Barney had heaps of violets, fortunately, and we had great fun finding places to fasten them upon her. Barney needed only a crumb of encouragement to show himself up picturesquely, and I was glad to set him going, for I wanted to see the shadow on Jean's face entirely disappear. They had become good friends on their own account, it seemed, and Jean was cheeking him delightfully in return for some of his sly remarks, when suddenly she stopped and I felt a little shiver run through her. Another man had stopped before Barney's stand,--Mr. Garney, the Latin tutor. His eyes were so eagerly intent upon Jean that he hardly took note of my presence.
"You look like Flora herself, Miss Benbow," he said, raising his hat. "Are violets your favorites?" (I saw that he was laying the information away for future reference, and I wanted to choke him on the spot.)
"They are to-day," she answered, demurely. "But I may prefer something else to-morrow." (Wasn't that neat, and dear of her?)

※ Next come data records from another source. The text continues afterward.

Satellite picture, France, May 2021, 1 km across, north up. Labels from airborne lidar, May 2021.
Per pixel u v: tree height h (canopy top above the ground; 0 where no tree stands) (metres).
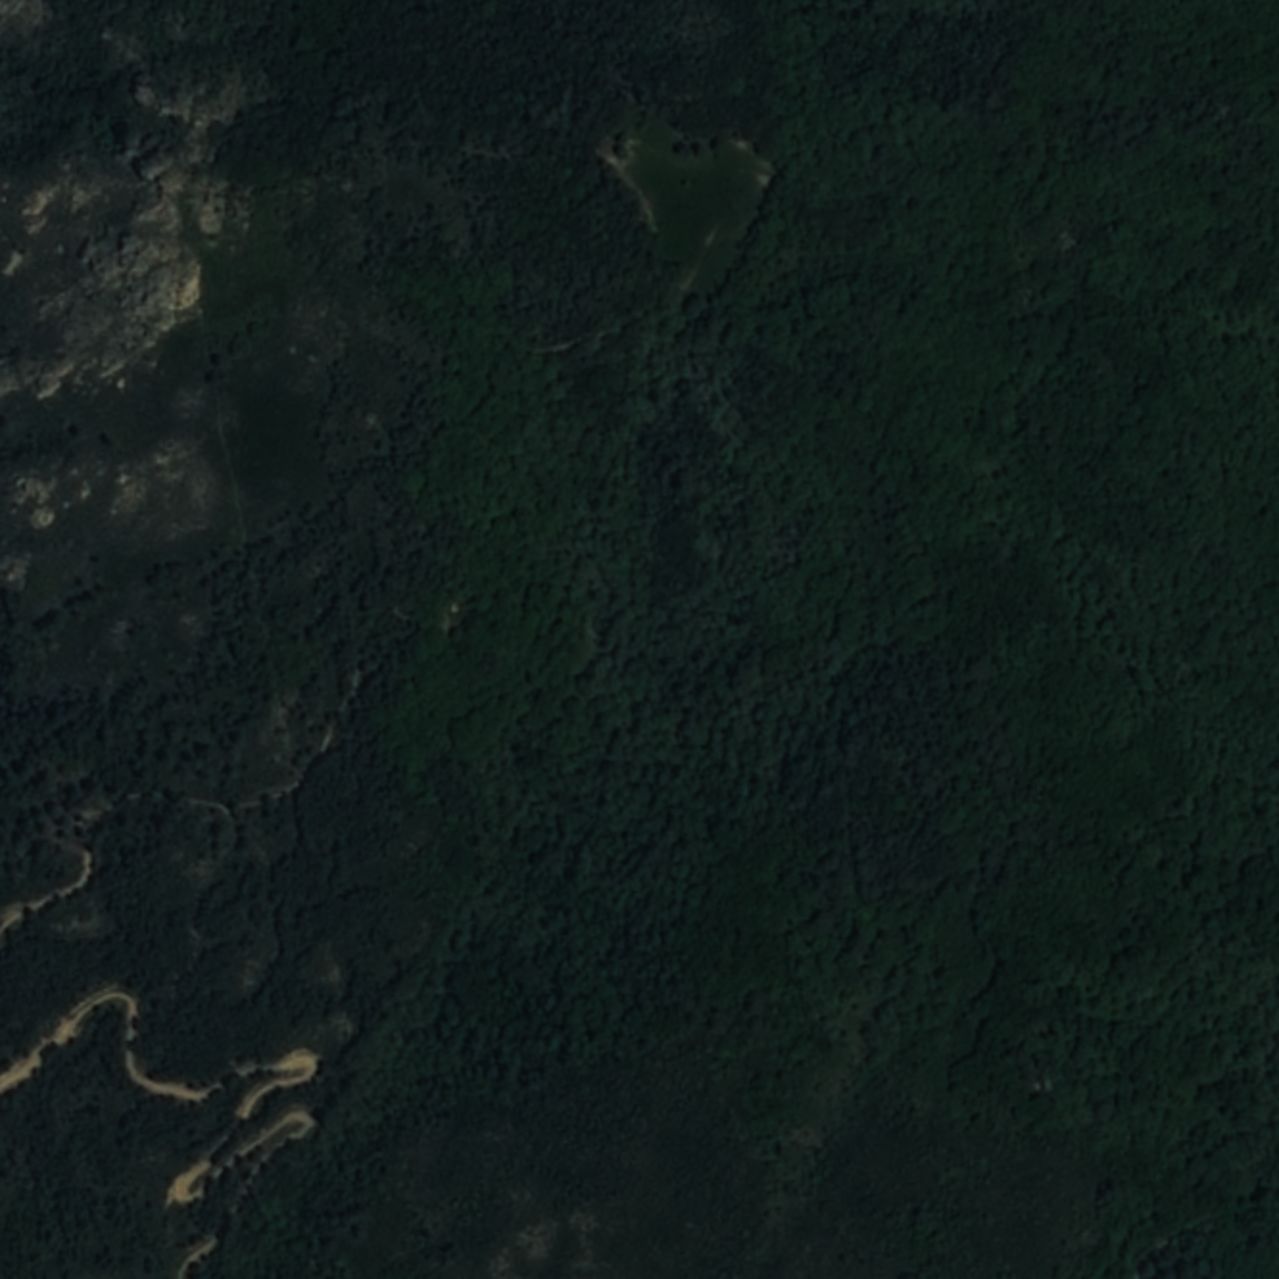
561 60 23
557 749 20
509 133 23
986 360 21
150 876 22
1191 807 26
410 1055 17
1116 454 17
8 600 18
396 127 20
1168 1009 14
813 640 14
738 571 14
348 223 8
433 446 22
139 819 8
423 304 16
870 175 18
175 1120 11
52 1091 12
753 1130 8
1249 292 21
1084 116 6
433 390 19
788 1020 14
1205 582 21
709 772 21
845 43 15
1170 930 25
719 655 11
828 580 18
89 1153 15
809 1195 6
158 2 13
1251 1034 16
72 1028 0
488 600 22
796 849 16
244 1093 18
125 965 25
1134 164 17
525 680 21
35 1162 18
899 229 28
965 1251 7
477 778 21
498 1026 14
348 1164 14
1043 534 18
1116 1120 25
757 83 15
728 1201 7
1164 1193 20
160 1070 12
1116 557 19
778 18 20
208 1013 18
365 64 20
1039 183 10
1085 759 19
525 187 13
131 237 0
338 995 6
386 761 19
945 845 18
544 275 11
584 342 10
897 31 14
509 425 21
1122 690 22
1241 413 20
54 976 9
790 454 14
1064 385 11
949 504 19
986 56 15
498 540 22
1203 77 8
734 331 24
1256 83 15
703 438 16
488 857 23
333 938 20
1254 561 22
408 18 22
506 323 22
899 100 18
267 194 9
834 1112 10
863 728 15
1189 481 21
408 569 15
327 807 18
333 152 7
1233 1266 15
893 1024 16
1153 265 19
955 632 17
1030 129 20
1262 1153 22
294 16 21
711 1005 15
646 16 8
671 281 15
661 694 9
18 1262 8
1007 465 18
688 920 17
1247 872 22
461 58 20
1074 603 20
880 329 15
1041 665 21
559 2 22
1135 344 20
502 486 23
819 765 13
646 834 18
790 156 17
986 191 12
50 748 24
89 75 8
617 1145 8
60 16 7
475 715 19
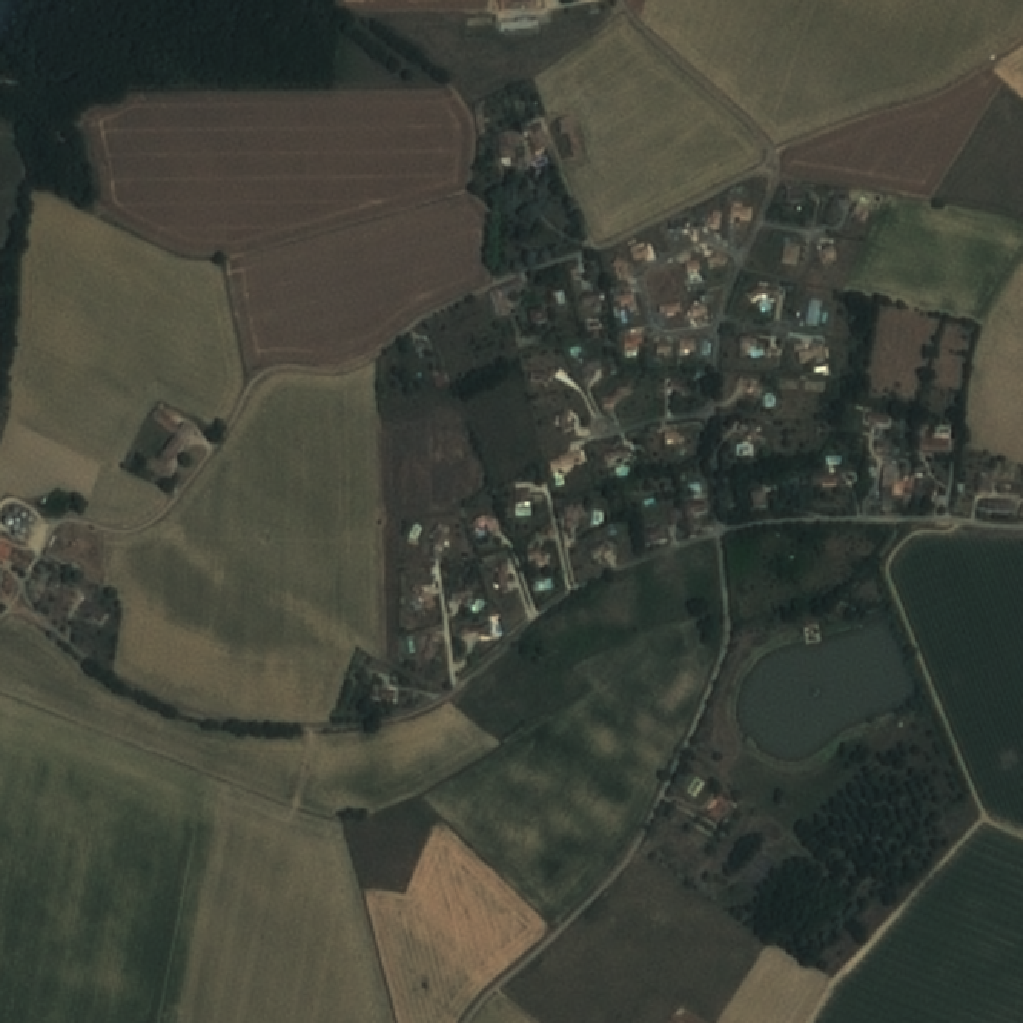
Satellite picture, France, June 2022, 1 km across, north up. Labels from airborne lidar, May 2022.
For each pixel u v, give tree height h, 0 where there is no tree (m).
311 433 0
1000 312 0
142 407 0
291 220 0
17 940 0
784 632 0
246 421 0
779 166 0
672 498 9
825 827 12
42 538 0
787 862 8
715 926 0
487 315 0
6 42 19
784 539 0
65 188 19
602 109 0
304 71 15
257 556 0
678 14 0
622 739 0
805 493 10
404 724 0
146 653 0
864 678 0
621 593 0
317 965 0
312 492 0
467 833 0
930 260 0
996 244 0
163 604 0
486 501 0
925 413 12
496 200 17
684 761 9
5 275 16
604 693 0
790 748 0
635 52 0
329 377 0
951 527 0
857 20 0
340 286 0
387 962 0
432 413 0
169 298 0
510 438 0
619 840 0
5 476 0
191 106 0
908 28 0
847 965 0
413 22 0
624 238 0
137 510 0
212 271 0
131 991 0
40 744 0
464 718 0
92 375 0
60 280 0
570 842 0
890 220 0
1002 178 0
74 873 0
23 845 0
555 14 0
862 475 8
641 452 9
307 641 0
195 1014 0
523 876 0
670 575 0
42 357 0
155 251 0
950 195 0
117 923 0
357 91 0
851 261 0
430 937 0
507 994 0
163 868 0
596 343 0
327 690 0
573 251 8
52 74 18
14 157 0
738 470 13
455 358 0
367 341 0
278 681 0
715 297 0
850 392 9
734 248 0
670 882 0
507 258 15
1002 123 0
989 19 0
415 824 0
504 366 13
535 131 0
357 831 0
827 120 0
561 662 0
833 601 14
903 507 6
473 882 0
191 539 0
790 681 0
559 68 0
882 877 14
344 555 0
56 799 0
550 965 0
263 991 0
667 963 0
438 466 0
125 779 0
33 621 0
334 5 14
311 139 0
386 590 0
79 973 0
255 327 0
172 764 0
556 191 13
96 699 0
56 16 26
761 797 0
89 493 0
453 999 0
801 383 0
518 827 0
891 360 0
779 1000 0
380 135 0
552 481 0
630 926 0
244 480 0
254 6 17
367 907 0
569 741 0
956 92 0
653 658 0
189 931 0
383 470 0
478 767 0
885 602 6
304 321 0
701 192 0
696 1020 0
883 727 0
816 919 9
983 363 0
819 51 0
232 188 0
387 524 0
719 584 0
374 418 0
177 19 11
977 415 0
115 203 0
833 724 0
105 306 0
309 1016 0
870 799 13
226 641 0
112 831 0
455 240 0
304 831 0
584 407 0
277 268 0
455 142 0
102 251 0
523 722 5
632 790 0
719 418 8
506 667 0
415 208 0
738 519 11
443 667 0
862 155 0
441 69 13
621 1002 0
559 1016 0
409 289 0
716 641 0
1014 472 0
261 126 0
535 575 8
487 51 0
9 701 0
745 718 0
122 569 0
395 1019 0
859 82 0
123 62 19
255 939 0
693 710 0
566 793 0
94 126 0
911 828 7
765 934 14
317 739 0
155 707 15
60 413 0
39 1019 0
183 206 0
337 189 0
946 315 9
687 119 0
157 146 0
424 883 0
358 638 0
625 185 0
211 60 15
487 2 0
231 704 0
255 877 0
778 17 0
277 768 0
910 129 0
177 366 0
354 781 0
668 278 0
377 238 0
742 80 0
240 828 0

I was very glad to have this opportunity of seeing Jean and Mr. Garney together, because I admit that Mrs. Whyte's gossip had disturbed me. I therefore made no move to hurry Jean away, but pretended to talk to Barney while I watched the other two together. I fancy Barney understood the situation pretty well, for he glanced shrewdly from me to Mr. Garney and back, as though he would see if I, too, understood. But the result of my observation of their mutual attitude was wholly reassuring. Garney was crazy about her, of course,--that was obvious. But Jean was heart-whole and unimpressed. Of that I felt quite sure, and I recognized the fact with a relief that measured my previous disturbance. So long as she was not dazzled, no harm could come of it. He couldn't marry her against her will!
How well I remember all the trivial events of that afternoon! After loading her down with violets, we went to a confectioner's and had some gorgeous variety of ice-cream, and I did my best to restore her to her usual rose-colored view of life. She responded beautifully, and we had a very gay time. But when I left her at her own door, finally, the wistfulness returned.
"You are going away, aren't you?" she asked.
"Why, I shall have to, in order to feel that I have a right to keep that cigar-case, since it was given to me as a good-bye present."
She stood very still for a moment, searching me with her deep eyes. Then she put out her hand impulsively.
"Good-bye," she said breathlessly, and fled into the house.